In the bustling metropolis of Istanbul, a city teetering on the edge of a seismic fault line, the looming threat of an earthquake is not just a matter of when, but how to manage the aftermath. Among the myriad challenges, one stands out: the disposal of hazardous solid waste, expected to reach a staggering 25 million tons, according to experts. Enter Sena Dere, an assistant professor at Sakarya University, and her groundbreaking research published in the Journal of Advanced Research in Natural and Applied Sciences.
Dere’s study, a fusion of Geographic Information System (GIS) data and fuzzy Multi-Criteria Decision Making (MCDM) methods, is set to revolutionize how we approach disaster waste management. The crux of her work lies in identifying and prioritizing evaluation criteria for hazardous solid waste landfill (HSWL) sites, a task as complex as it is critical.
“One of the key challenges in selecting HSWL sites is the multitude of factors that need to be considered,” Dere explains. “These range from environmental and social impacts to economic viability.” Her approach, which employs the Fuzzy Analytic Hierarchy Process (FAHP) for criteria prioritization, offers a robust solution to this intricate puzzle.
The study begins with a thorough literature review and expert consultations to pinpoint the most relevant evaluation criteria. These criteria are then prioritized using FAHP, a method that incorporates uncertainty and vagueness inherent in decision-making processes. GIS data for these criteria are subsequently collected from various sources and analyzed using ArcGIS 10.8 to create a suitability map for Istanbul.
Dere’s methodology doesn’t stop at mapping. She goes a step further by applying the Analytic Hierarchy Process (AHP) to five candidate sites, ultimately identifying Fevzipaşa/Silivri on the European side and Hasanlı/Şile on the Asian side as the most suitable locations for HSWL construction. A sensitivity analysis was also conducted to ensure the robustness of these findings.
The implications of this research are far-reaching, particularly for the energy sector.

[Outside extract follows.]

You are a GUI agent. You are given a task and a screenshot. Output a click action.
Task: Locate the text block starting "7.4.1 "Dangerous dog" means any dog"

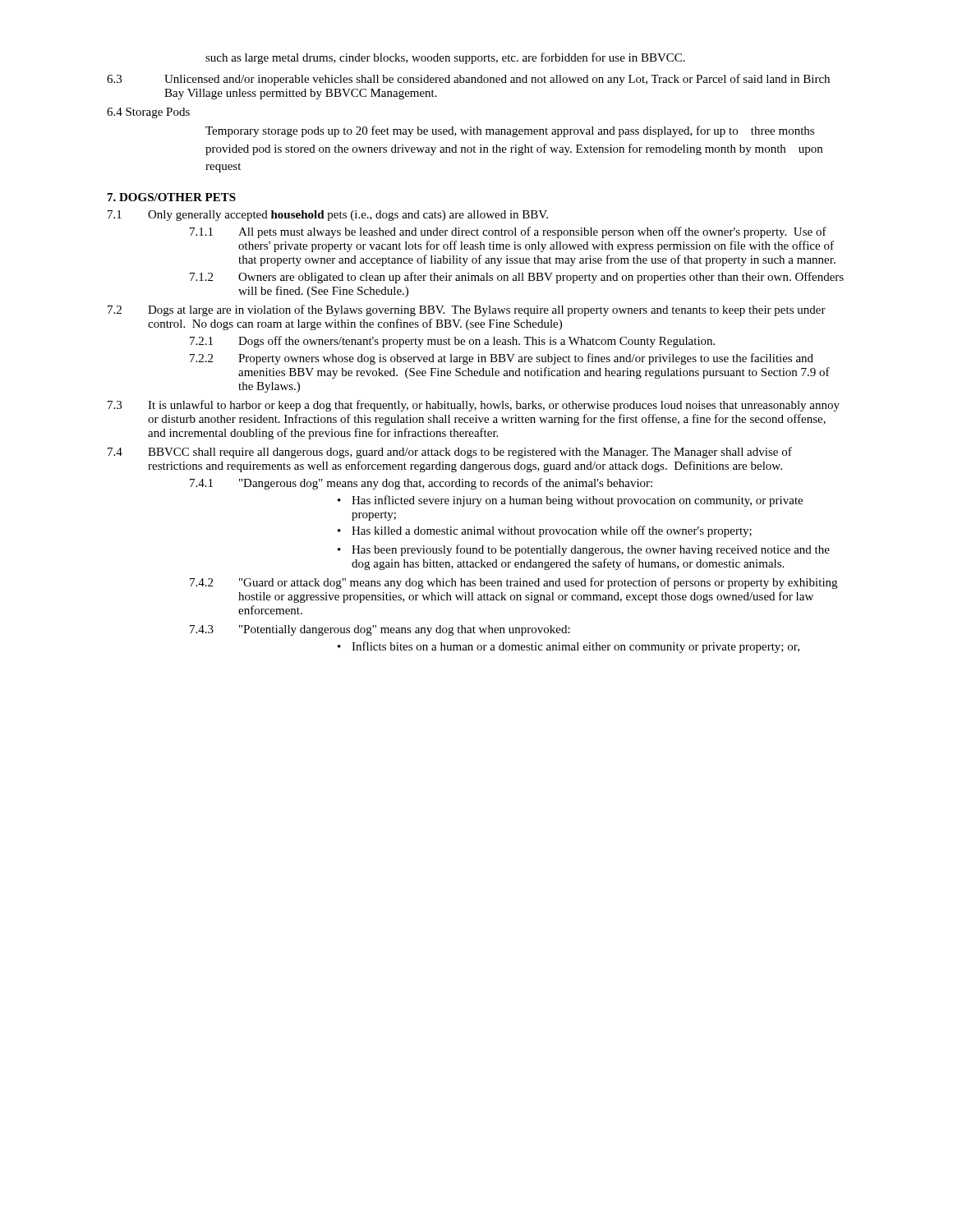[421, 483]

The safe and efficient management of hazardous waste is not just an environmental imperative but also an economic one. Improper disposal can lead to soil, water, and air contamination, posing significant risks to public health and the environment. This, in turn, can result in hefty fines and remediation costs for energy companies, not to mention the potential loss of social license to operate.

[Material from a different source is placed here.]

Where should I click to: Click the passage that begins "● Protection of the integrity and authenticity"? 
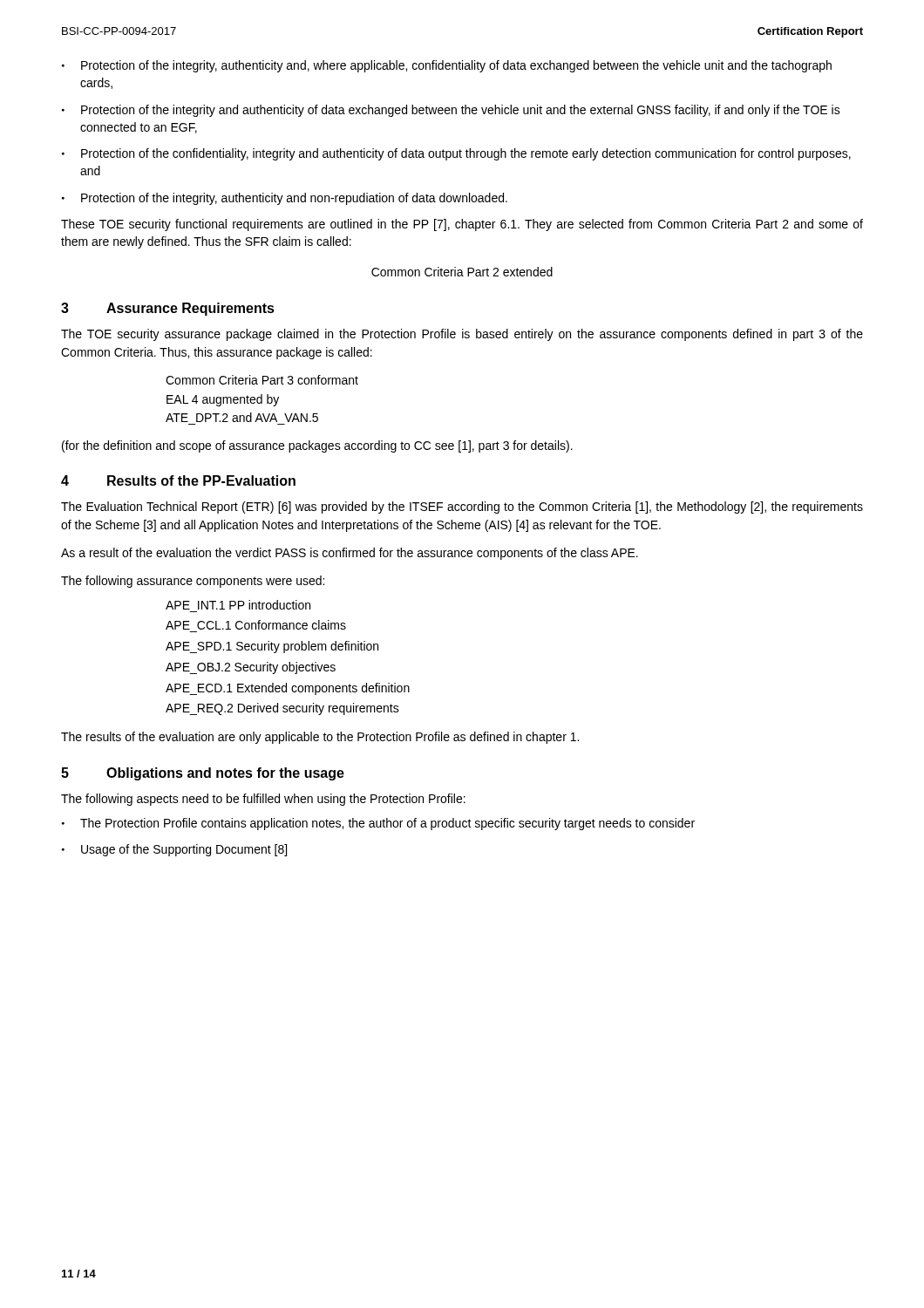pyautogui.click(x=462, y=119)

Dere’s work, however, offers a pathway to mitigate these risks. By providing a systematic and scientific approach to HSWL site selection, her research can help energy companies navigate the complexities of disaster waste management, ensuring compliance with environmental regulations and safeguarding their bottom line.
Looking ahead, this research paves the way for future developments in the field. As Dere puts it, “Our approach can be adapted to other cities and regions, providing a comprehensive framework for hazardous waste management.” This adaptability, coupled with the robustness of the methodology, makes Dere’s work a significant contribution to the field.
In a world grappling with the realities of climate change and natural disasters, research like Dere’s is not just timely but essential. It offers a beacon of hope, guiding us towards a future where disaster waste management is not a challenge but an opportunity to build resilience and sustainability.